For controlled access data requests (DARs) through dbGaP, refer to the dbGaP Authorized Access System instructions. NCI's Office of Data Sharing (ODS) created several Data Collections to streamline the access process and alleviate the burden on investigators. In this case, investigators can submit DARs for approval for the following Collections of datasets, each comprising many studies. Once approved to access the Collection(s), the investigators can access all datasets in the Collections below without having to submit additional DARs for individual datasets.
- NCI's Collection of Datasets for General Research Use (phs003014)
- NCI's Collection of Datasets for Health, Medical, and Biomedical (phs003044)
- NCI's Collection of Datasets for General Cancer Research (phs003967)
- NCI's Collection of Datasets for Pediatric Cancer Research (phs003964)

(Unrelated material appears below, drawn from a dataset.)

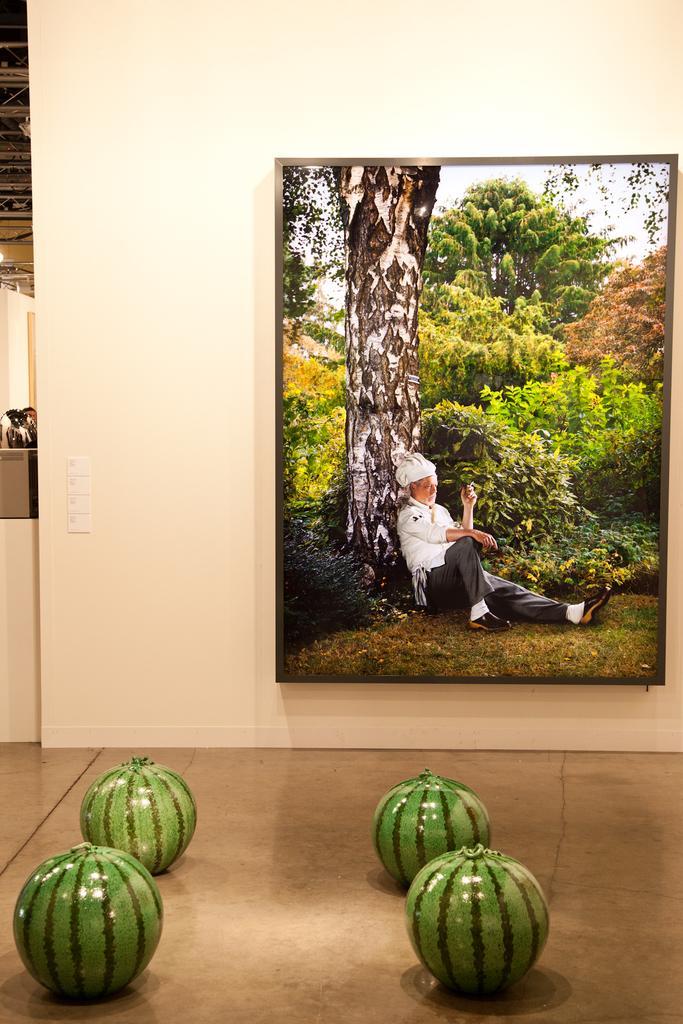Could you give a brief overview of what you see in this image? The picture is taken inside a room where there is a wall on which one big photo is placed and in front the wall there are four big sized watermelons are placed on the floor.

Computational Tools and Resources. Participants may leverage resources from NCI's programs, such as Cancer Research Data Commons (CRDC)'s Seven Bridges Cancer Genomics Cloud, tools from CCDI, HTAN, Informatics Technology for Cancer Research (ITCR), CPTAC, IDC, and other NCI program resources, or their own institutional computing environment and tools to download data for on-premises analysis or to bring data into a cloud environment before the event.